Le Dr Robert Laforce, de l’Université Laval, et une centaine d’autres chercheurs répartis dans 36 centres de recherche dans le monde ont étudié si l’Alzheimer était associé à un type d’aphasie en particulier.

Percées scientifiques: les maux qui cachent les mots

L’année 2018 a été riche en découvertes pour la communauté scientifique de la capitale. Chacun dans son domaine, des chercheurs de la région ont écrit de nouveaux chapitres de l’histoire scientifique. Le Soleil vous présente, à raison d’une par jour, les percées les plus marquantes de l’année.

Chez la plupart des gens, chercher ses mots n’est pas un signe que quelque chose va mal — à part le fait que l’on vieillit. Mais chez certaines personnes, les mots finissent par venir si difficilement que cela nuit à leur conversation. Une équipe internationale dans laquelle plusieurs chercheurs de l’Université Laval ont joué des rôles importants vient de prouver un lien que l’on redoutait : cette «aphasie» peut être un signe d’Alzheimer.

«En vieillissant, il y a des gens qui vont avoir plus de difficultés à nommer des personnes, elles vont avoir un certain manque du mot, et c’est normal. Mais chez les gens qui font de l’aphasie logopénique, ça va plus loin : ils n’arrivent pas à passer leur message, leurs proches ont du mal à les comprendre. Pour dire : «On est allé dans Charlevoix en fin de semaine», une chose qui prend 4-5 secondes à dire normalement, ça peut leur prendre une minute», dit Robert Jr Laforce, du Centre de recherche du CHU et un des auteurs principaux de l’étude. Un autre chercheur de l’Université Laval, David Bergeron, en est le premier auteur.

On soupçonnait depuis longtemps un lien entre la maladie d’alzheimer et l’aphasie, qui a trois formes principales : la logopénique (difficulté à trouver ses mots et à se souvenir de phrases longues et complexes), la non-fluide (discours stoppé continuellement) et la sémantique (les patients perdent complètement le sens de certains mots pourtant banals, au point de ne même plus se rappeler les avoir déjà connus). Mais les résultats de recherche étaient contradictoires : certaines études concluaient que l’aphasie pouvait être une forme précoce d’Alzheimer alors que d’autres ne «voyaient» rien.

Le Dr Laforce et une centaine d’autres chercheurs répartis dans 36 centres de recherche à travers le monde ont donc décidé de regarder si l’Alzheimer était associé à un type d’aphasie en particulier. Et en analysant des données d’imagerie et les rapports d’autopsie de 1251 patients, cette grosse équipe a montré que oui, l’aphasie logopénique est clairement associée à l’Alzheimer, mais pas les deux autres types.
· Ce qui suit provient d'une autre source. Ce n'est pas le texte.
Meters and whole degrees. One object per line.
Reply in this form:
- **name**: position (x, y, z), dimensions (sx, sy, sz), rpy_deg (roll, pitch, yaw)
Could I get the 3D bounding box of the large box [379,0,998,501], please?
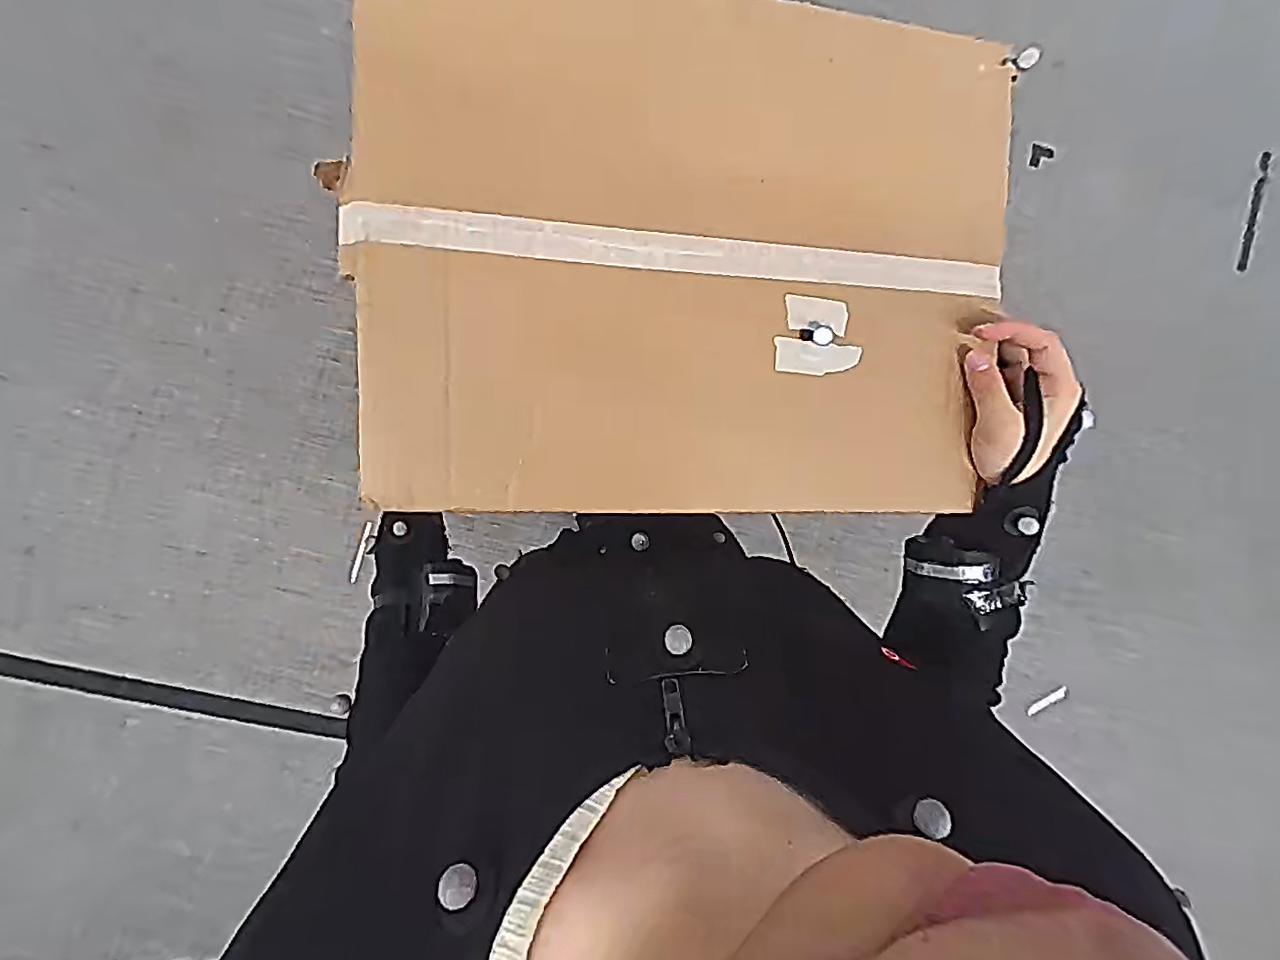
- **large box**: position (0.017, -0.152, 0.484), dimensions (0.408, 0.320, 0.320), rpy_deg (1, 95, -13)
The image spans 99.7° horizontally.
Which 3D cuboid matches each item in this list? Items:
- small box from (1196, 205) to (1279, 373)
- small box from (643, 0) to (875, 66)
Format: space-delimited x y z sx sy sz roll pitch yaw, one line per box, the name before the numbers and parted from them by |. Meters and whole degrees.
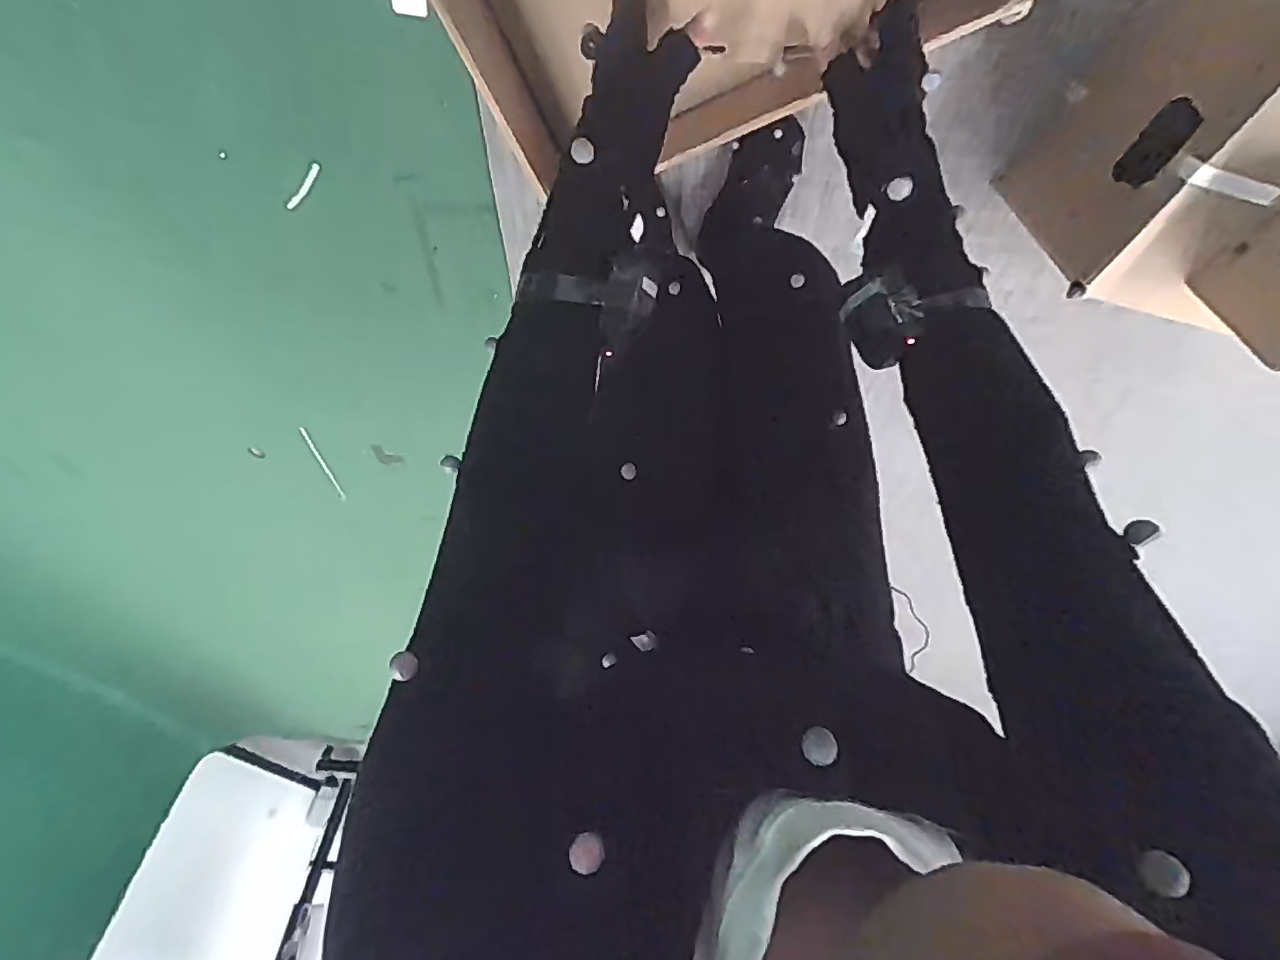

Une des caractéristiques classiques de l’Alzheimer est l’accumulation d’une protéine nommée bêta-amyloïde, qui est dommageable pour le cerveau. Pas moins de 86 % des patients atteints de la forme logopénique avaient des taux anormaux de cette protéine dans le cerveau, contre seulement 16 à 20 % pour les deux autres types d’aphasie. Pour 357 d’entre eux, des résultats d’autopsie étaient disponibles et ont montré que les trois quarts (76 %) des gens atteints d’aphasie logopénique faisaient de l’Alzheimer, contre 5 à 8 % pour les deux autres types.

La raison des résultats contradictoires était donc là : le lien avec l’Azheimer était brouillé par le fait qu’il ne prévaut que pour un type d’aphasie alors qu’auparavant, les chercheurs tentaient d’établir le lien avec tous les types indistinctement.

Cela indique aussi, dit le Dr Laforce, que les «sous-types» de l’aphasie sont en fait plus que cela : ce sont des maladies à part entière qui ont des causes différentes, bien que leurs symptômes puissent se ressembler.

«L’intérêt de ces résultats-là, c’est que quand quelqu’un se perd en auto, tout le monde va chez le médecin pour dire que ça ne va pas bien. Mais quand quelqu’un cherche ses mots, on se dit qu’on est fatigué ou on se trouve d’autres raisons et personne ne va voir le médecin pour ça. On espère que votre étude va sensibiliser la population» au fait que les problèmes de langage, dans ce cas-ci un «manque du mot» sévère, peut être bien moins anodin qu’il n’y paraît.

Le Dr Laforce espère également sensibiliser les gens au fait qu’il existe plus qu’une sorte d’Alzheimer. La forme «classique» est la perte de mémoire, qui comprend environ 80 % des cas, mais il existe aussi une forme langagière d’Alzheimer, dit le Dr Laforce. «Il faut que la population et les médecins réalisent que l’Azheimer a plusieurs visages parce que plus on dépiste tôt, mieux c’est», dit-il.